BK002由中井(AJN)和罗尔巴赫(MFR)组成,在中国和韩国一直被用作草药。据报道,AJN和MFR具有抗炎、抗氧化和抗癌活性,尽管在去势抵抗性前列腺癌(CRPC)中协同靶向多种抗癌机制的研究尚未充分报道。然而,导致CRPC的前列腺癌的耐药性以及向雄激素非依赖状态的转变尚未得到充分研究。在此,我们报告BK002在CRPC的PC3细胞系和前列腺癌DU145细胞系中表现出细胞毒性和诱导凋亡作用,这通过细胞毒性检测、蛋白质免疫印迹法、活/死细胞成像分析、活性氧(ROS)检测、定量实时聚合酶链反应(RT-PCR)和转染实验得以验证。

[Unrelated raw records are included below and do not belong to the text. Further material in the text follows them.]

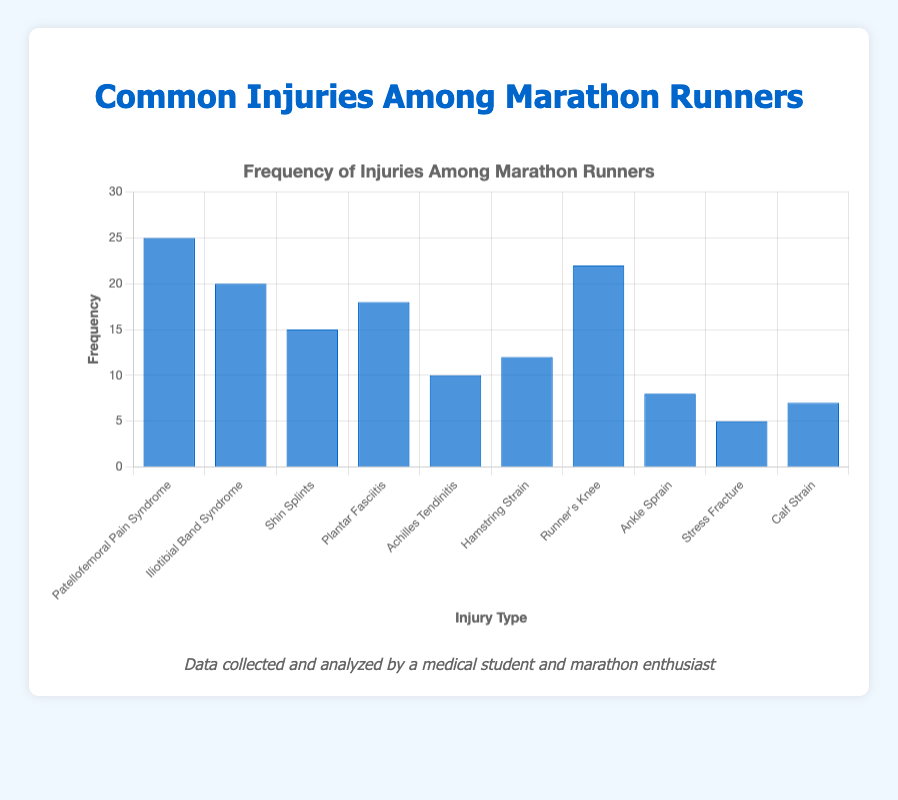What injury has the highest frequency? The bar representing "Patellofemoral Pain Syndrome" is the tallest, indicating the highest frequency.
Answer: Patellofemoral Pain Syndrome What is the total frequency of "Shin Splints" and "Plantar Fasciitis"? The frequency of "Shin Splints" is 15 and "Plantar Fasciitis" is 18. Adding them together gives 15 + 18 = 33.
Answer: 33 What injury occurs more frequently, "Runner's Knee" or "Hamstring Strain"? By comparing the height of the bars, "Runner's Knee" has a frequency of 22, which is greater than "Hamstring Strain" with a frequency of 12.
Answer: Runner's Knee How much more frequent is "Iliotibial Band Syndrome" compared to "Achilles Tendinitis"? The frequency of "Iliotibial Band Syndrome" is 20, and the frequency of "Achilles Tendinitis" is 10. The difference is 20 - 10 = 10.
Answer: 10 What is the average frequency of the top three most common injuries? The frequencies of the top three injuries are: "Patellofemoral Pain Syndrome" (25), "Runner's Knee" (22), and "Iliotibial Band Syndrome" (20). The sum is 25 + 22 + 20 = 67. The average is 67 / 3 = 22.33.
Answer: 22.33 Which injury type has the lowest frequency? The shortest bar represents "Stress Fracture" with a frequency of 5.
Answer: Stress Fracture What is the combined frequency of "Achilles Tendinitis", "Ankle Sprain", and "Calf Strain"? The frequencies are: "Achilles Tendinitis" (10), "Ankle Sprain" (8), and "Calf Strain" (7). Their combined frequency is 10 + 8 + 7 = 25.
Answer: 25 If you add the frequency of "Hamstring Strain" and subtract the frequency of "Ankle Sprain", what is the result? "Hamstring Strain" has a frequency of 12 and "Ankle Sprain" has a frequency of 8. The result is 12 - 8 = 4.
Answer: 4 What is the median frequency of all the injuries listed? To find the median, list the frequencies in ascending order: 5, 7, 8, 10, 12, 15, 18, 20, 22, 25. The median is the average of the 5th and 6th values: (12 + 15) / 2 = 13.5.
Answer: 13.5 
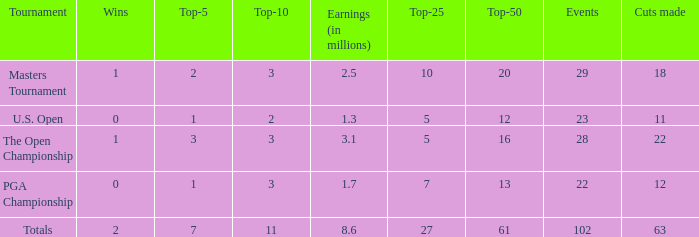Give me the full table as a dictionary. {'header': ['Tournament', 'Wins', 'Top-5', 'Top-10', 'Earnings (in millions)', 'Top-25', 'Top-50', 'Events', 'Cuts made'], 'rows': [['Masters Tournament', '1', '2', '3', '2.5', '10', '20', '29', '18'], ['U.S. Open', '0', '1', '2', '1.3', '5', '12', '23', '11'], ['The Open Championship', '1', '3', '3', '3.1', '5', '16', '28', '22'], ['PGA Championship', '0', '1', '3', '1.7', '7', '13', '22', '12'], ['Totals', '2', '7', '11', '8.6', '27', '61', '102', '63']]} How many top 10s when he had under 1 top 5s? None. 
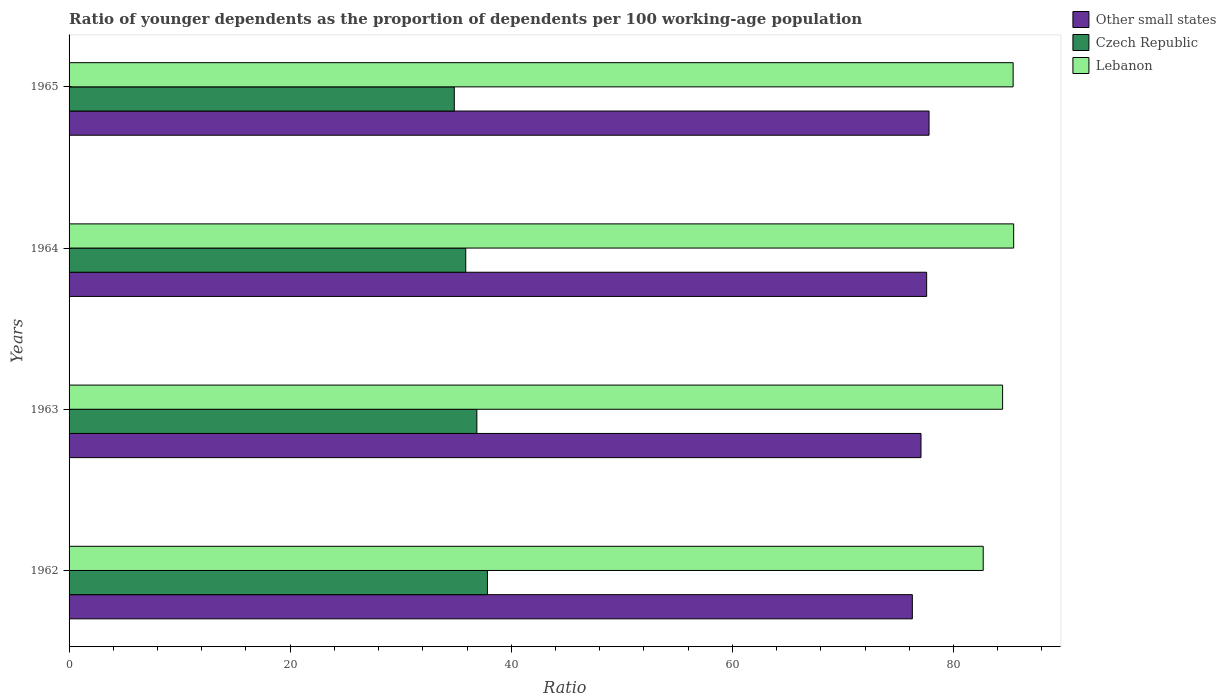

我们的研究结果发现,BK002比单独的AJN和MFR表现出更强的细胞毒性,表明BK002具有潜在的细胞毒性特性。一致地,BK002增加了DNA损伤,激活了p-γH2A.X,并使survivin激活的pro-PARP、caspase9和caspase3的泛素化减少。值得注意的是,使用共聚焦显微镜的活细胞成像发现,BK002有效地增加了PC3和DU145细胞中DNA结合红色荧光强度。此外,BK002通过激活C/EBP同源蛋白(CHOP)增强了抗增殖作用,并显著减弱了PI3K/AKT的表达。值得注意的是,经BK002处理的细胞增加了ROS的产生,而ROS抑制剂N-乙酰-L-半胱氨酸(NAC)的共同处理显著抑制了ROS的产生和细胞毒性,这表明ROS的产生对于启动PC3和DU145细胞中的凋亡至关重要。此外,我们发现BK002显著增强了miR-192-5p的表达,并且BK002与miR-192-5p抑制剂的共同处理显著降低了PC3和DU145细胞中miR-192-5p的表达和细胞活力,表明miR-192-5p介导的凋亡受到调控。最后,我们发现BK002介导的CHOP上调和PI3K下调分别被miR-192-5p抑制剂显著降低和抑制,这表明BK002的抗癌作用与miR-192-5p/PI3K/CHOP途径相关。因此,我们的研究表明,AJN和MFR的组合可能比单一治疗对CRPC细胞和前列腺癌细胞的凋亡活性更有效。